# Bathing help?



## Donkeylover110 (Jan 23, 2009)

My mini donkey is scared of water ( like a bath ). When ever I tie him, he keeps walking around the object. I even tried having someone hold his head. He doesn't mind the shampoo, just the spraying water. I can understand him being scared, so I try not to be angry at him. Any solutions?


----------



## Emily's mom (Jan 27, 2009)

Sorry to say that I've never even tried to bath my donkeys, I do think that my not so nice son has sprayed the donkeys in the summer because he says they were "hot"



, but I wasn't home to witness!!

Did you try warm water and a bucket?...no hose.


----------



## Donkeylover110 (Jan 27, 2009)

I have never really tried that, though I have considered it. I guess it doesn't matter since it's too cold any way ( 20s)



. Thanks for your help!


----------



## Emily's mom (Jan 27, 2009)

My husband just reminded me that we do not use the spray thingie when we wash the horse, so maybe it is the spray thing that the donkeys do not like.


----------



## dragonfur (Feb 5, 2009)

Try just letting the water run from the hose, no sprayer. They have amazingly sensitive skin for creatures with such hard heads! I don't know that it hurts, but it certainly seems to be unpleasant!

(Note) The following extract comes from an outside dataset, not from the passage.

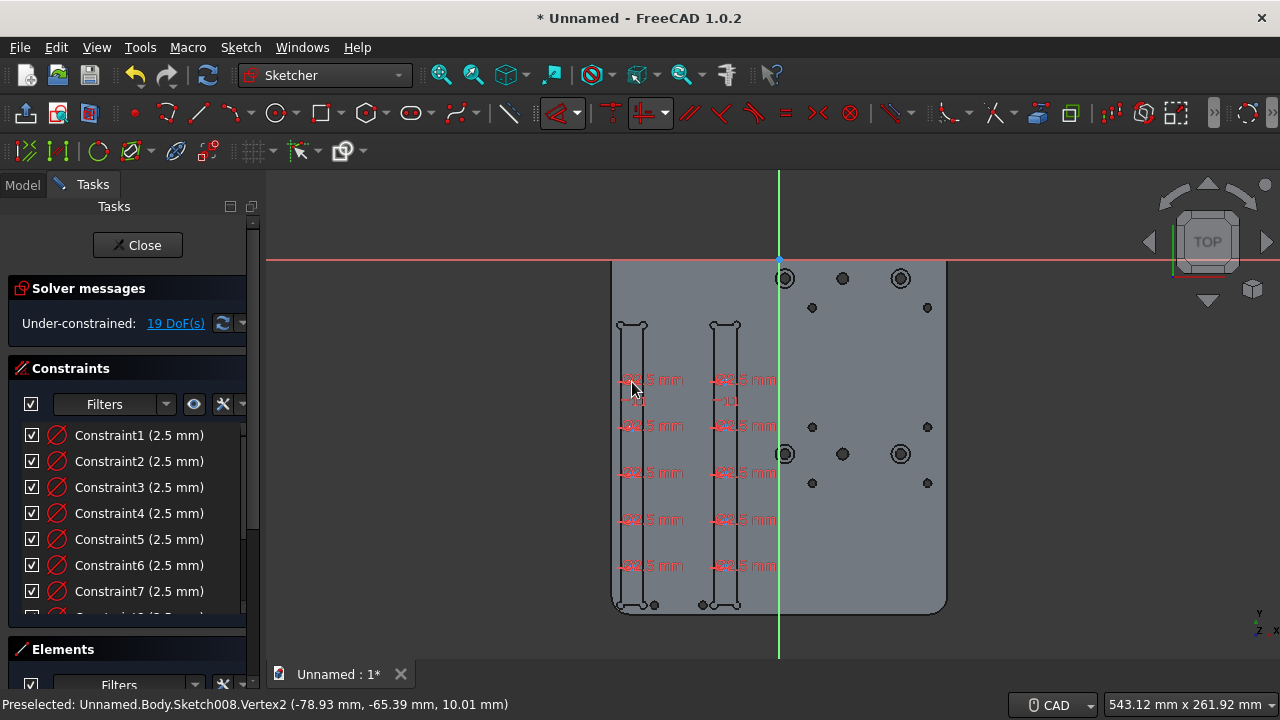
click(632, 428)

BTW: My mini donk gelding tells me that donkeys melt when they get wet! He was going after one of the horses that had bugged him until he got mad. He'll hurt them, so I have to intervene. I had the water sprayer in my hand (cleaning out water troughs--such fun) so I just turned it on him. Got him in the back legs, and he just sat down. So, I guess they really _do_ melt when they get wet!

(He doesn't like to get out in the rain, either, and he won't roll in the mud. Are all donkeys like that, or just him?)


----------



## MeadowRidge Farm (Feb 6, 2009)

I know with my girls and guys, if I am cleaning out water tanks and its nice and hot out, I turn the hose on them, since they always are so nosey to see what I am doing... once the water hits them, they will run out of the way so they dont have to get wet. They must think they will melt too. I also noticed mine wont roll in mud, but they will stand out in the rain, if its a nice light rain, but if its a heavy downpour ...there out of there!

I dont use a spray on my donkeys, I have a soft brush that attaches to the hose and I just let the water trickle on them and eventually turn the water on full. I dont use cold water, but warm. They HATE cold water, but seem to stand alot better if I use warm. ALot of times its the hose that they are terrified of. They seem to think its some big green snake that is going to "get them", once they are use to the hose moving around, it makes things alot easier.

Corinne


----------